### Records from a data collection
= = = = =
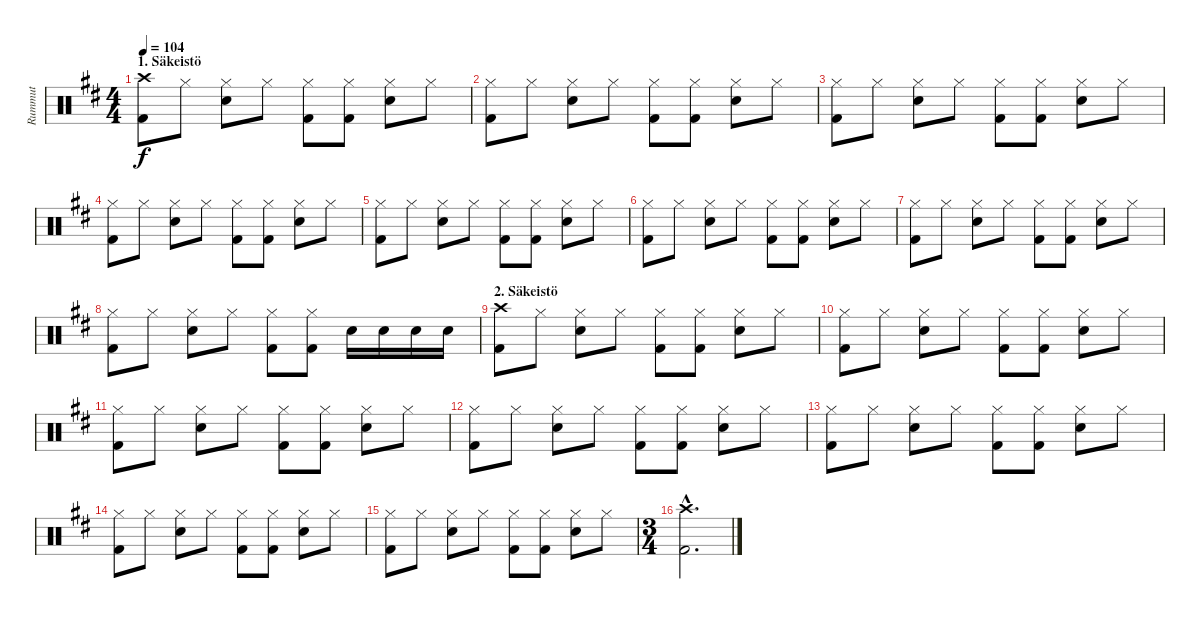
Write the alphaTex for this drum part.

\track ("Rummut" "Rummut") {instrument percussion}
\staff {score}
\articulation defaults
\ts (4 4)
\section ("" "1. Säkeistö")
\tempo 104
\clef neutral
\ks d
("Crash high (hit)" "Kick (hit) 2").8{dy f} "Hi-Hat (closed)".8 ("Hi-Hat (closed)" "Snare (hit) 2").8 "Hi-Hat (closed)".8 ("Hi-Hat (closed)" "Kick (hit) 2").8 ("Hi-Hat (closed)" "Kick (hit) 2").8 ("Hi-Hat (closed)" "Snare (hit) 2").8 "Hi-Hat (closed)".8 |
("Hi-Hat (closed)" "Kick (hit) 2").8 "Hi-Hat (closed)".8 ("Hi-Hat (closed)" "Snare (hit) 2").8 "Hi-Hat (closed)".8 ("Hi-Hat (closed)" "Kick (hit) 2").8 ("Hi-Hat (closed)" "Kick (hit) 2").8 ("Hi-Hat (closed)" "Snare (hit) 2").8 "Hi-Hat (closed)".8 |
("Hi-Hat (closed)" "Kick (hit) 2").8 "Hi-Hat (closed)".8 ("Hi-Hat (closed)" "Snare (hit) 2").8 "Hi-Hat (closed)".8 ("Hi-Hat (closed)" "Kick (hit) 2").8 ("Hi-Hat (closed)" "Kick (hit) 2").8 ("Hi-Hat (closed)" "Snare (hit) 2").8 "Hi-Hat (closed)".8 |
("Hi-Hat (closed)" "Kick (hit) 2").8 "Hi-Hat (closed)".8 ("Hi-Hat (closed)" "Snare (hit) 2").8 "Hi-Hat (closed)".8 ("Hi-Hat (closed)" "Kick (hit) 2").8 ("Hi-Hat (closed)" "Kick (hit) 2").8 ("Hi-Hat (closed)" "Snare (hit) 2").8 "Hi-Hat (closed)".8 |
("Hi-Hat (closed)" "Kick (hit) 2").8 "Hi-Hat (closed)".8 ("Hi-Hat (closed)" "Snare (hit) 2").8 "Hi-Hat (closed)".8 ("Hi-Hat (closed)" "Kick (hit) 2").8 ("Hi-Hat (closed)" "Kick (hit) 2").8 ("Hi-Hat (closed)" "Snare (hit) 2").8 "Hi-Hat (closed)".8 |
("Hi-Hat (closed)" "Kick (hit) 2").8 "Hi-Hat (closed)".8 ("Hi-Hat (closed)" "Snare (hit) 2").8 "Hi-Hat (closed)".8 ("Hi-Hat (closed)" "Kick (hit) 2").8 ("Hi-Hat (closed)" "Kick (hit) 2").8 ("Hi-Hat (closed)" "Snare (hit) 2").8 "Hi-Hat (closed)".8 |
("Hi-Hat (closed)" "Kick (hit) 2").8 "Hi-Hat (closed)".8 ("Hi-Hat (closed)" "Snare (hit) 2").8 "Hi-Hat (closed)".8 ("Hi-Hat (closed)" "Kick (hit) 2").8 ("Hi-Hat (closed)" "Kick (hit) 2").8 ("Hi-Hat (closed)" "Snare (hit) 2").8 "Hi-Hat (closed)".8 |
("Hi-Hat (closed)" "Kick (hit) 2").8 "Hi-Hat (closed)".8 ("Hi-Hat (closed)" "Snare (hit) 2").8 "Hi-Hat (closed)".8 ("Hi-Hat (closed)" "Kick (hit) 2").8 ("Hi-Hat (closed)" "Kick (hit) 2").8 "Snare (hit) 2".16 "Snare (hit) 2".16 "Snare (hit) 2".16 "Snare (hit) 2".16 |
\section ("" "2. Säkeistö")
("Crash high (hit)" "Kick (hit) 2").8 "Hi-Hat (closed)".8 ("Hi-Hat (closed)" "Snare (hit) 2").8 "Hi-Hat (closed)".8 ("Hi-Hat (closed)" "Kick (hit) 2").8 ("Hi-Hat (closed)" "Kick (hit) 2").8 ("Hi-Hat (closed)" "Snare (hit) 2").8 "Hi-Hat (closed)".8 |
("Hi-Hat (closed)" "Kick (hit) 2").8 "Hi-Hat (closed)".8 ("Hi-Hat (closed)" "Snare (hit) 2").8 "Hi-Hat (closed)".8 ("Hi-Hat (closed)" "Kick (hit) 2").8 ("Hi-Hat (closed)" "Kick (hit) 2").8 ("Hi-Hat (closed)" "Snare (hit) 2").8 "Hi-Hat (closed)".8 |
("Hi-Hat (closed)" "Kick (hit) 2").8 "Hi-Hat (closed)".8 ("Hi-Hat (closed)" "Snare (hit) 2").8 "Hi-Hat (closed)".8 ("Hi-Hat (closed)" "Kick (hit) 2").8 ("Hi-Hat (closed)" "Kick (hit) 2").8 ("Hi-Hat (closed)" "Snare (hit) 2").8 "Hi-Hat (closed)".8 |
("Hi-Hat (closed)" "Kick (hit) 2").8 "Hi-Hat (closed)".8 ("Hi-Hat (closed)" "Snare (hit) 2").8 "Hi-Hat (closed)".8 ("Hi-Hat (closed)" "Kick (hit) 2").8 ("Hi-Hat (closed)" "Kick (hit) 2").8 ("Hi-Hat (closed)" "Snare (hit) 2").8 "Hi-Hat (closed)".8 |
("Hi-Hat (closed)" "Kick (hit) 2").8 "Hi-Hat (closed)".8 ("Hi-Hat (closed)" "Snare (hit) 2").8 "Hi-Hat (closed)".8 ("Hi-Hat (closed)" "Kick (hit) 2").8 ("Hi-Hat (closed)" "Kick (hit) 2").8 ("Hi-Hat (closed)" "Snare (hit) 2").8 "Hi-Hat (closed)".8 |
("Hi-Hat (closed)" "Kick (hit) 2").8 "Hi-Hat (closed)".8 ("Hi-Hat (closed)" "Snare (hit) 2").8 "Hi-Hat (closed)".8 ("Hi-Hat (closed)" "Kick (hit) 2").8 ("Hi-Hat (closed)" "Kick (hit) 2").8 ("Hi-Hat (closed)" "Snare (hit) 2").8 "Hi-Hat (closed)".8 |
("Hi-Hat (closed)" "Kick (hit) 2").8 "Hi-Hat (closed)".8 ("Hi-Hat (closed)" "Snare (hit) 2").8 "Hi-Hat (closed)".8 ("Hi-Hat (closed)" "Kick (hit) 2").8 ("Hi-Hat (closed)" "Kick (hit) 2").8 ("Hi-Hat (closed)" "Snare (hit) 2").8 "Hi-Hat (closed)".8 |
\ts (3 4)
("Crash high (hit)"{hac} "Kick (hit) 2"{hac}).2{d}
= = = = =
### WHAT YOU HAVE TO DO
I'd like every record printed exactly, with the pictures left out.

### ANSWER TO THIS TASK
Write the alphaTex for this drum part.

\track ("Rummut" "Rummut") {instrument percussion}
\staff {score}
\articulation defaults
\ts (4 4)
\section ("" "1. Säkeistö")
\tempo 104
\clef neutral
\ks d
("Crash high (hit)" "Kick (hit) 2").8{dy f} "Hi-Hat (closed)".8 ("Hi-Hat (closed)" "Snare (hit) 2").8 "Hi-Hat (closed)".8 ("Hi-Hat (closed)" "Kick (hit) 2").8 ("Hi-Hat (closed)" "Kick (hit) 2").8 ("Hi-Hat (closed)" "Snare (hit) 2").8 "Hi-Hat (closed)".8 |
("Hi-Hat (closed)" "Kick (hit) 2").8 "Hi-Hat (closed)".8 ("Hi-Hat (closed)" "Snare (hit) 2").8 "Hi-Hat (closed)".8 ("Hi-Hat (closed)" "Kick (hit) 2").8 ("Hi-Hat (closed)" "Kick (hit) 2").8 ("Hi-Hat (closed)" "Snare (hit) 2").8 "Hi-Hat (closed)".8 |
("Hi-Hat (closed)" "Kick (hit) 2").8 "Hi-Hat (closed)".8 ("Hi-Hat (closed)" "Snare (hit) 2").8 "Hi-Hat (closed)".8 ("Hi-Hat (closed)" "Kick (hit) 2").8 ("Hi-Hat (closed)" "Kick (hit) 2").8 ("Hi-Hat (closed)" "Snare (hit) 2").8 "Hi-Hat (closed)".8 |
("Hi-Hat (closed)" "Kick (hit) 2").8 "Hi-Hat (closed)".8 ("Hi-Hat (closed)" "Snare (hit) 2").8 "Hi-Hat (closed)".8 ("Hi-Hat (closed)" "Kick (hit) 2").8 ("Hi-Hat (closed)" "Kick (hit) 2").8 ("Hi-Hat (closed)" "Snare (hit) 2").8 "Hi-Hat (closed)".8 |
("Hi-Hat (closed)" "Kick (hit) 2").8 "Hi-Hat (closed)".8 ("Hi-Hat (closed)" "Snare (hit) 2").8 "Hi-Hat (closed)".8 ("Hi-Hat (closed)" "Kick (hit) 2").8 ("Hi-Hat (closed)" "Kick (hit) 2").8 ("Hi-Hat (closed)" "Snare (hit) 2").8 "Hi-Hat (closed)".8 |
("Hi-Hat (closed)" "Kick (hit) 2").8 "Hi-Hat (closed)".8 ("Hi-Hat (closed)" "Snare (hit) 2").8 "Hi-Hat (closed)".8 ("Hi-Hat (closed)" "Kick (hit) 2").8 ("Hi-Hat (closed)" "Kick (hit) 2").8 ("Hi-Hat (closed)" "Snare (hit) 2").8 "Hi-Hat (closed)".8 |
("Hi-Hat (closed)" "Kick (hit) 2").8 "Hi-Hat (closed)".8 ("Hi-Hat (closed)" "Snare (hit) 2").8 "Hi-Hat (closed)".8 ("Hi-Hat (closed)" "Kick (hit) 2").8 ("Hi-Hat (closed)" "Kick (hit) 2").8 ("Hi-Hat (closed)" "Snare (hit) 2").8 "Hi-Hat (closed)".8 |
("Hi-Hat (closed)" "Kick (hit) 2").8 "Hi-Hat (closed)".8 ("Hi-Hat (closed)" "Snare (hit) 2").8 "Hi-Hat (closed)".8 ("Hi-Hat (closed)" "Kick (hit) 2").8 ("Hi-Hat (closed)" "Kick (hit) 2").8 "Snare (hit) 2".16 "Snare (hit) 2".16 "Snare (hit) 2".16 "Snare (hit) 2".16 |
\section ("" "2. Säkeistö")
("Crash high (hit)" "Kick (hit) 2").8 "Hi-Hat (closed)".8 ("Hi-Hat (closed)" "Snare (hit) 2").8 "Hi-Hat (closed)".8 ("Hi-Hat (closed)" "Kick (hit) 2").8 ("Hi-Hat (closed)" "Kick (hit) 2").8 ("Hi-Hat (closed)" "Snare (hit) 2").8 "Hi-Hat (closed)".8 |
("Hi-Hat (closed)" "Kick (hit) 2").8 "Hi-Hat (closed)".8 ("Hi-Hat (closed)" "Snare (hit) 2").8 "Hi-Hat (closed)".8 ("Hi-Hat (closed)" "Kick (hit) 2").8 ("Hi-Hat (closed)" "Kick (hit) 2").8 ("Hi-Hat (closed)" "Snare (hit) 2").8 "Hi-Hat (closed)".8 |
("Hi-Hat (closed)" "Kick (hit) 2").8 "Hi-Hat (closed)".8 ("Hi-Hat (closed)" "Snare (hit) 2").8 "Hi-Hat (closed)".8 ("Hi-Hat (closed)" "Kick (hit) 2").8 ("Hi-Hat (closed)" "Kick (hit) 2").8 ("Hi-Hat (closed)" "Snare (hit) 2").8 "Hi-Hat (closed)".8 |
("Hi-Hat (closed)" "Kick (hit) 2").8 "Hi-Hat (closed)".8 ("Hi-Hat (closed)" "Snare (hit) 2").8 "Hi-Hat (closed)".8 ("Hi-Hat (closed)" "Kick (hit) 2").8 ("Hi-Hat (closed)" "Kick (hit) 2").8 ("Hi-Hat (closed)" "Snare (hit) 2").8 "Hi-Hat (closed)".8 |
("Hi-Hat (closed)" "Kick (hit) 2").8 "Hi-Hat (closed)".8 ("Hi-Hat (closed)" "Snare (hit) 2").8 "Hi-Hat (closed)".8 ("Hi-Hat (closed)" "Kick (hit) 2").8 ("Hi-Hat (closed)" "Kick (hit) 2").8 ("Hi-Hat (closed)" "Snare (hit) 2").8 "Hi-Hat (closed)".8 |
("Hi-Hat (closed)" "Kick (hit) 2").8 "Hi-Hat (closed)".8 ("Hi-Hat (closed)" "Snare (hit) 2").8 "Hi-Hat (closed)".8 ("Hi-Hat (closed)" "Kick (hit) 2").8 ("Hi-Hat (closed)" "Kick (hit) 2").8 ("Hi-Hat (closed)" "Snare (hit) 2").8 "Hi-Hat (closed)".8 |
("Hi-Hat (closed)" "Kick (hit) 2").8 "Hi-Hat (closed)".8 ("Hi-Hat (closed)" "Snare (hit) 2").8 "Hi-Hat (closed)".8 ("Hi-Hat (closed)" "Kick (hit) 2").8 ("Hi-Hat (closed)" "Kick (hit) 2").8 ("Hi-Hat (closed)" "Snare (hit) 2").8 "Hi-Hat (closed)".8 |
\ts (3 4)
("Crash high (hit)"{hac} "Kick (hit) 2"{hac}).2{d}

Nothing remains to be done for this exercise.